Assignment Code: MTE-07/TMA/2023

Maximum Marks: 100

1. State whether the following statements are true or false. Justify your answers.

(a) The function $$f(x, y)=\frac{(x+2)(y-2)}{x+y}$$ is homogeneous on its domain.

(b) $$\left\{3 x+\frac{1}{2 x} \mid 0<x<1\right\}$$ is bounded above.

(c) $$\mathrm{f}: \mathbf{R}^{2} \rightarrow \mathbf{R}, \mathrm{f}(\mathrm{x}, \mathrm{y})=\frac{1+\mathrm{x}}{\mathrm{x}}, \mathrm{x} \neq 0$$ is continuous on $$[5,10] \times \mathbf{R}$$.

(d) The function $$\mathrm{f}: \mathbf{R}^{3} \rightarrow \mathbf{R}, \mathrm{f}(\mathrm{x}, \mathrm{y}, \mathrm{z})=\mathrm{e}^{2 \cos \pi}$$ is integrable on the region bounded by the sphere, $$x^{2}+y^{2}+z^{2}=1$$

(e) If $$\mathrm{f}: \mathbf{R}^{2} \rightarrow \mathbf{R}, \mathrm{f}(\mathrm{x}, \mathrm{y})=10$$ and $$D=[3,10] \times[-1,5]$$, then $$\iint_{\mathrm{D}} \mathrm{f} \mathrm{dx} \mathrm{dy}=420$$.

2) (a) Show that the following limits do not exist:
i) $$\lim _{(x, y) \rightarrow(0,0)} \frac{(x-y)^{2}}{x^{2}+y^{2}}$$
ii) $$\lim _{(x, y) \rightarrow(0,0)} \frac{x y}{|y|}$$

(b) Show that $$\mathrm{f}(\mathrm{x}, \mathrm{y})=4 \mathrm{xy}-\mathrm{x}^{2}-\mathrm{y}^{4}$$ has a saddle point at $$(0,0)$$.

3) (a) Find the directional derivation of

$$f(x, y)= \begin{cases}\frac{x^{3}-y^{3}}{x^{2}+y^{2}}, & (x, y) \neq(0,0) \\ 0, & (x, y)=(0,0)\end{cases}$$

at $$(0,0)$$ in the direction $$\left(\frac{\sqrt{3}}{2}, \frac{1}{2}\right)$$.

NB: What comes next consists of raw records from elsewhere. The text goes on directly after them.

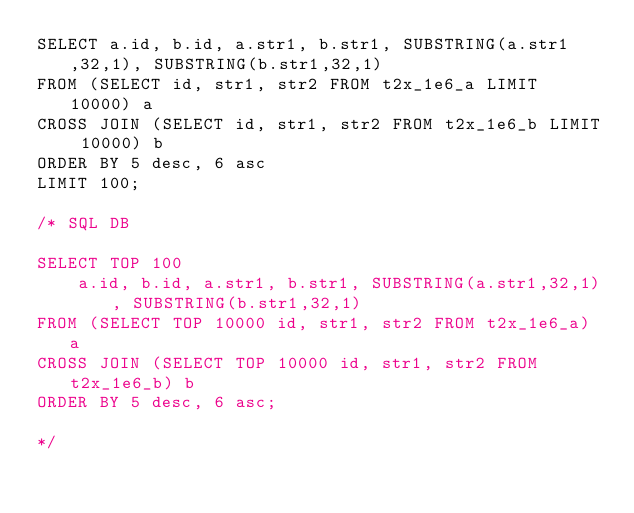Convert code to text. <code><loc_0><loc_0><loc_500><loc_500><_SQL_>SELECT a.id, b.id, a.str1, b.str1, SUBSTRING(a.str1,32,1), SUBSTRING(b.str1,32,1)
FROM (SELECT id, str1, str2 FROM t2x_1e6_a LIMIT 10000) a 
CROSS JOIN (SELECT id, str1, str2 FROM t2x_1e6_b LIMIT 10000) b 
ORDER BY 5 desc, 6 asc
LIMIT 100;

/* SQL DB 

SELECT TOP 100 
    a.id, b.id, a.str1, b.str1, SUBSTRING(a.str1,32,1), SUBSTRING(b.str1,32,1)
FROM (SELECT TOP 10000 id, str1, str2 FROM t2x_1e6_a) a 
CROSS JOIN (SELECT TOP 10000 id, str1, str2 FROM t2x_1e6_b) b 
ORDER BY 5 desc, 6 asc;

*/</code> 
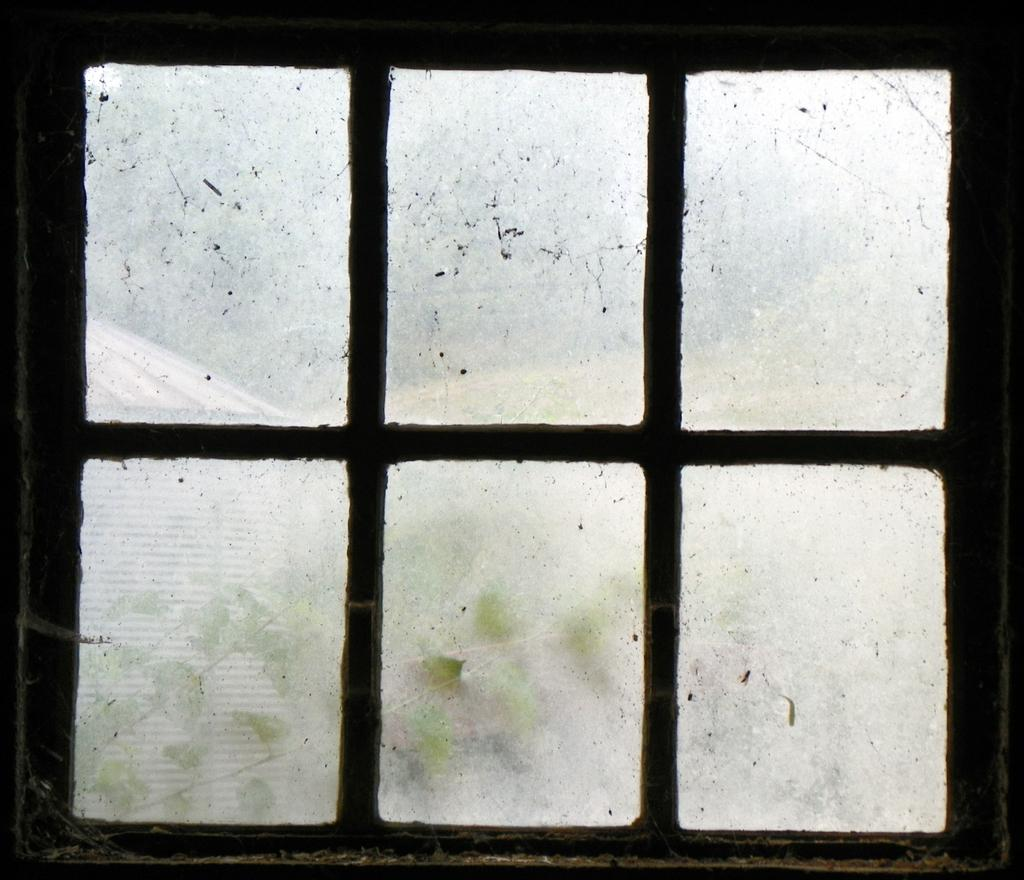What is located at the front of the image? There is a window in the front of the image. What rule does the father enforce in the image? There is no father present in the image, and therefore no rules can be enforced. What type of ornament is hanging from the window in the image? There is no ornament hanging from the window in the image.

(b) Verify the chain rule for the Jacobians for the functions,

\begin{aligned} & x=e^{3 u}, y=2 u+5 v-w, z=u+v \\ & u=p+6, v=q^{3}, w=3 r \end{aligned}

4. (a) Identify the intermediate forma and evaluate:
i) $$\quad \lim _{x \rightarrow \pi / 2} \frac{\ln \sin x}{1-\sin x}$$
ii) $$\quad \lim _{x \rightarrow \infty} 2 x(\ln (x+1)-\ln x)$$

(b) Show that

$f(x, y)= \begin{cases}x \sin \frac{1}{x}, & x \neq 0 \\ y \sin \frac{1}{y}, & y \neq 0 \\ 0, & x=0, y=0\end{cases}$

is continuous at $$(0,0)$$, but $$\mathrm{f}_{\mathrm{x}}(0,0)$$ does not exist.

5. (a) Show that the equation $$\mathrm{f}(\mathrm{x}, \mathrm{y})=\mathrm{y}^{2}-\mathrm{yx} \mathrm{x}^{2}-2 \mathrm{x}^{5}=0$$ defines a continuously differentiable function $$y=g(x)$$, in the neighbourhood of $$(1,-1)$$. Also find the derivative of $$g$$.

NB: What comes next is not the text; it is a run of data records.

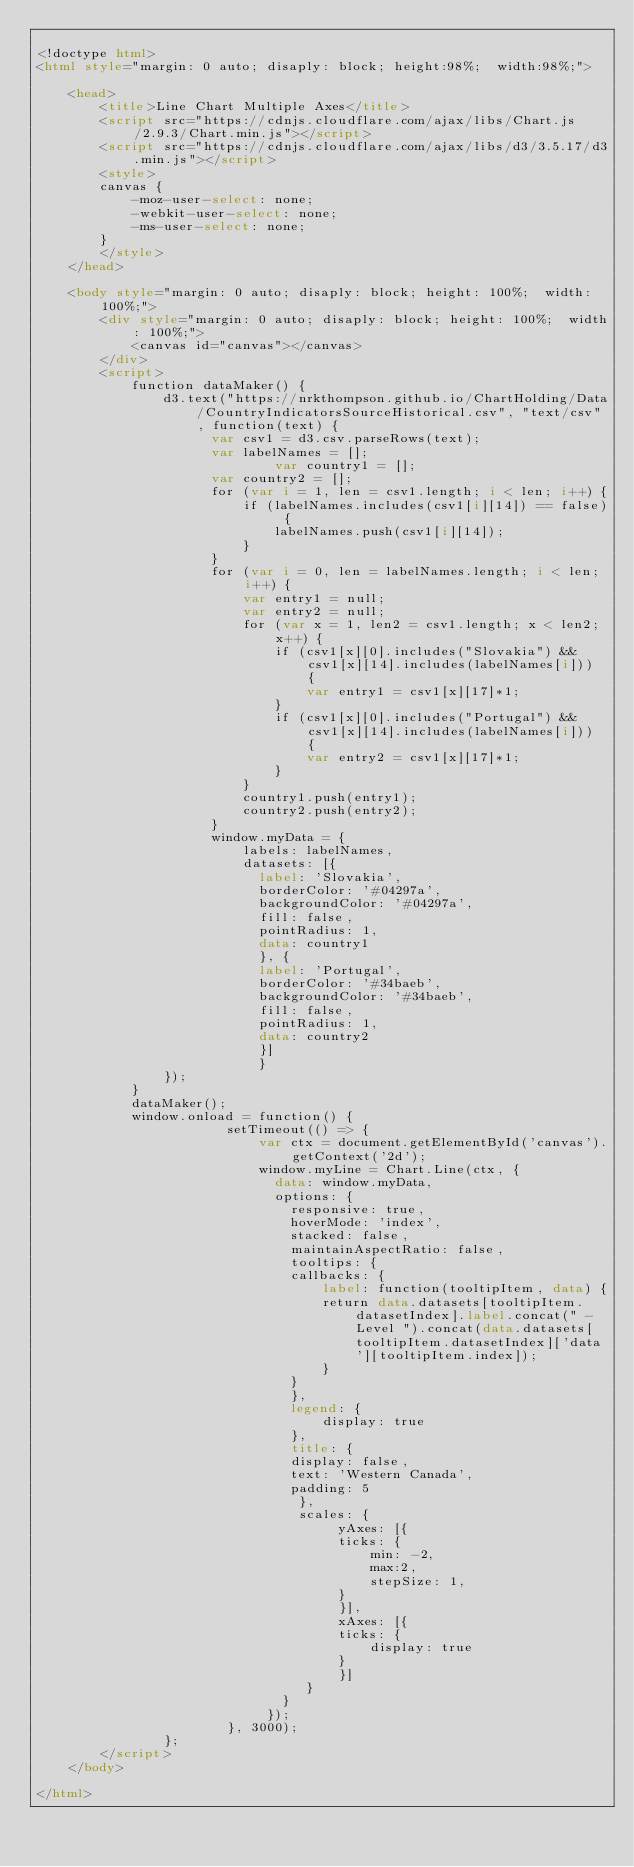Convert code to text. <code><loc_0><loc_0><loc_500><loc_500><_HTML_>
<!doctype html>
<html style="margin: 0 auto; disaply: block; height:98%;  width:98%;">

	<head>
		<title>Line Chart Multiple Axes</title>
		<script src="https://cdnjs.cloudflare.com/ajax/libs/Chart.js/2.9.3/Chart.min.js"></script>
		<script src="https://cdnjs.cloudflare.com/ajax/libs/d3/3.5.17/d3.min.js"></script>
		<style>
		canvas {
			-moz-user-select: none;
			-webkit-user-select: none;
			-ms-user-select: none;
		}
		</style>
	</head>

	<body style="margin: 0 auto; disaply: block; height: 100%;  width: 100%;">
		<div style="margin: 0 auto; disaply: block; height: 100%;  width: 100%;">
			<canvas id="canvas"></canvas>
		</div>
		<script>
			function dataMaker() {
				d3.text("https://nrkthompson.github.io/ChartHolding/Data/CountryIndicatorsSourceHistorical.csv", "text/csv", function(text) {
					  var csv1 = d3.csv.parseRows(text);
					  var labelNames = [];
            				  var country1 = [];
					  var country2 = [];
					  for (var i = 1, len = csv1.length; i < len; i++) {
						  if (labelNames.includes(csv1[i][14]) == false) {
							  labelNames.push(csv1[i][14]);
						  }
					  }
					  for (var i = 0, len = labelNames.length; i < len; i++) {
						  var entry1 = null;
						  var entry2 = null;
						  for (var x = 1, len2 = csv1.length; x < len2; x++) {
							  if (csv1[x][0].includes("Slovakia") && csv1[x][14].includes(labelNames[i])) {
								  var entry1 = csv1[x][17]*1;
							  }
							  if (csv1[x][0].includes("Portugal") && csv1[x][14].includes(labelNames[i])) {
								  var entry2 = csv1[x][17]*1;
							  }
						  }
						  country1.push(entry1);
						  country2.push(entry2);
					  }
					  window.myData = {
						  labels: labelNames,
						  datasets: [{
						    label: 'Slovakia',
						    borderColor: '#04297a',
						    backgroundColor: '#04297a',
						    fill: false,
						    pointRadius: 1,
						    data: country1
						    }, {
						    label: 'Portugal',
						    borderColor: '#34baeb',
						    backgroundColor: '#34baeb',
						    fill: false,
						    pointRadius: 1,
						    data: country2
						    }]
						    }  
				});
			}
			dataMaker();
			window.onload = function() {
						setTimeout(() => { 
							var ctx = document.getElementById('canvas').getContext('2d');
							window.myLine = Chart.Line(ctx, {
							  data: window.myData,
							  options: {
							    responsive: true,
							    hoverMode: 'index',
							    stacked: false,
							    maintainAspectRatio: false,
							    tooltips: {
								callbacks: {
								    label: function(tooltipItem, data) {
									return data.datasets[tooltipItem.datasetIndex].label.concat(" - Level ").concat(data.datasets[tooltipItem.datasetIndex]['data'][tooltipItem.index]);
								    }
								}
							    },
							    legend: {
								    display: true
							    },
							    title: {
								display: false,
								text: 'Western Canada',
								padding: 5
							     },
							     scales: {
								      yAxes: [{
									  ticks: {
									      min: -2,
									      max:2,
									      stepSize: 1,
									  }
								      }],
								      xAxes: [{
									  ticks: {
									      display: true
									  }
								      }]
								  }
							   }
							 });
						}, 3000);
				};
		</script>
	</body>

</html></code> 
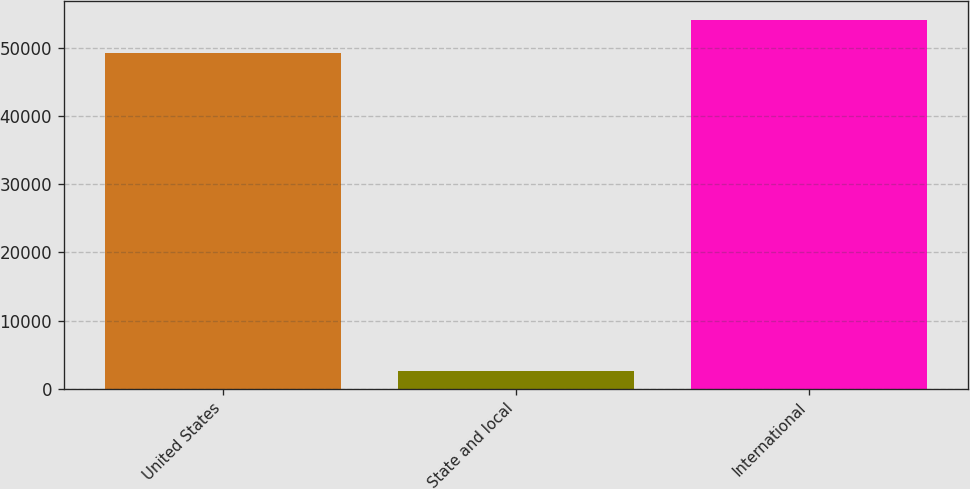Convert chart to OTSL. <chart><loc_0><loc_0><loc_500><loc_500><bar_chart><fcel>United States<fcel>State and local<fcel>International<nl><fcel>49233<fcel>2538<fcel>54196.8<nl></chart> 
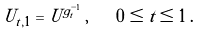<formula> <loc_0><loc_0><loc_500><loc_500>U _ { t , 1 } = U ^ { g _ { t } ^ { - 1 } } \, , \quad 0 \leq t \leq 1 \, .</formula>

(b) Show that the following functions are functionally dependent:

\begin{aligned} & u=3 x+2 y-z \\ & v=x-2 y+z \\ & w=x(x+2 y+z) \end{aligned}

(c) Find the values of $$a$$ and $$b$$, if

$\lim _{x \rightarrow 0} \frac{x(1+a \cos x)-b \sin x}{x^{3}}=1$

6. (a) Evaluate the integral by converting to polar coordinates:

\begin{aligned} & \iint_{D}\left(4-x^{2}-y^{2}\right) d x d y \text {, where } D \text { is the region in the } 1^{\text {st }} \text { quadrant and bounded by } \\ & x^{2}+y^{2}=2 x . \end{aligned}

(b) Find the work done by a force $$\overline{\mathrm{F}}=\left(x^{2} y, x y^{2}\right)$$ in moving a particle from $$(0,0)$$ to $$(1,1)$$ along $$\mathrm{y}=\mathrm{x}^{2}$$, and then from $$(1,1)$$ to $$(2,1)$$ along $$\mathrm{y}=1$$.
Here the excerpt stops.